──────── Data in this exercise ────────
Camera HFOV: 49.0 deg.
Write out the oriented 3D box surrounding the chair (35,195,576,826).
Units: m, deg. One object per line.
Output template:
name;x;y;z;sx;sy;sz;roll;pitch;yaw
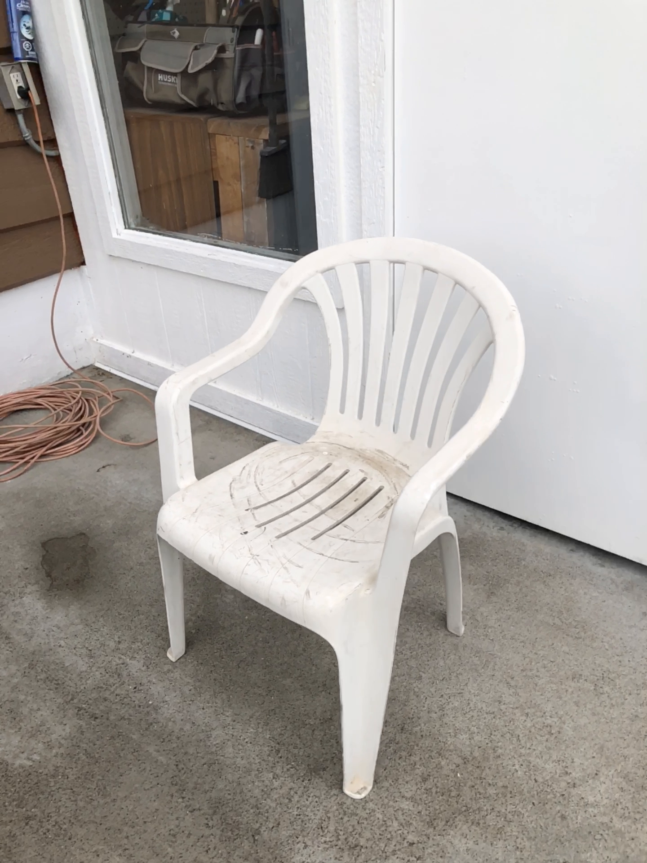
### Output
chair;-0.009;0.076;1.230;0.601;0.777;0.511;21;38;34
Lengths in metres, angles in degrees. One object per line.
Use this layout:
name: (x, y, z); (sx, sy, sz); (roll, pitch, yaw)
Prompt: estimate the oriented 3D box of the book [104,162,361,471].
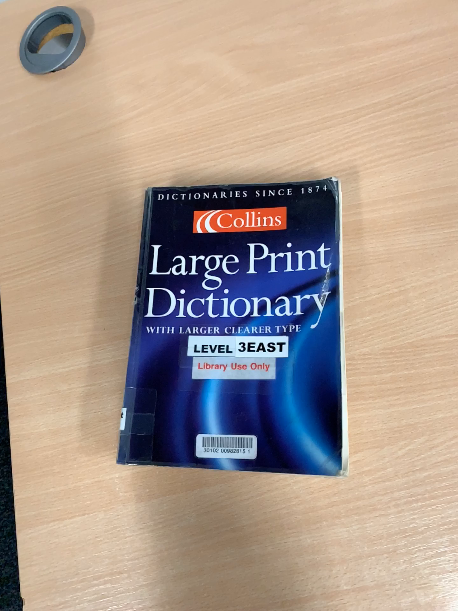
book: (0.008, 0.004, 0.396); (0.188, 0.050, 0.243); (0, 73, 10)
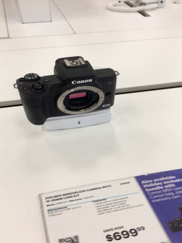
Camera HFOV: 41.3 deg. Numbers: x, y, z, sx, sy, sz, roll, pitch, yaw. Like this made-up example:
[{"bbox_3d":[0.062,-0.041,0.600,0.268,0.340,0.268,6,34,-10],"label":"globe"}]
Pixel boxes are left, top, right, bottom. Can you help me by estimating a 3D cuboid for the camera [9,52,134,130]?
[{"bbox_3d":[-0.026,-0.041,0.321,0.137,0.076,0.054,-10,49,-11],"label":"camera"}]
────────
### Exercise brief
Looking at the data above, work out how many lines contain "pitch" and answer with the figure only.

### Your solution
3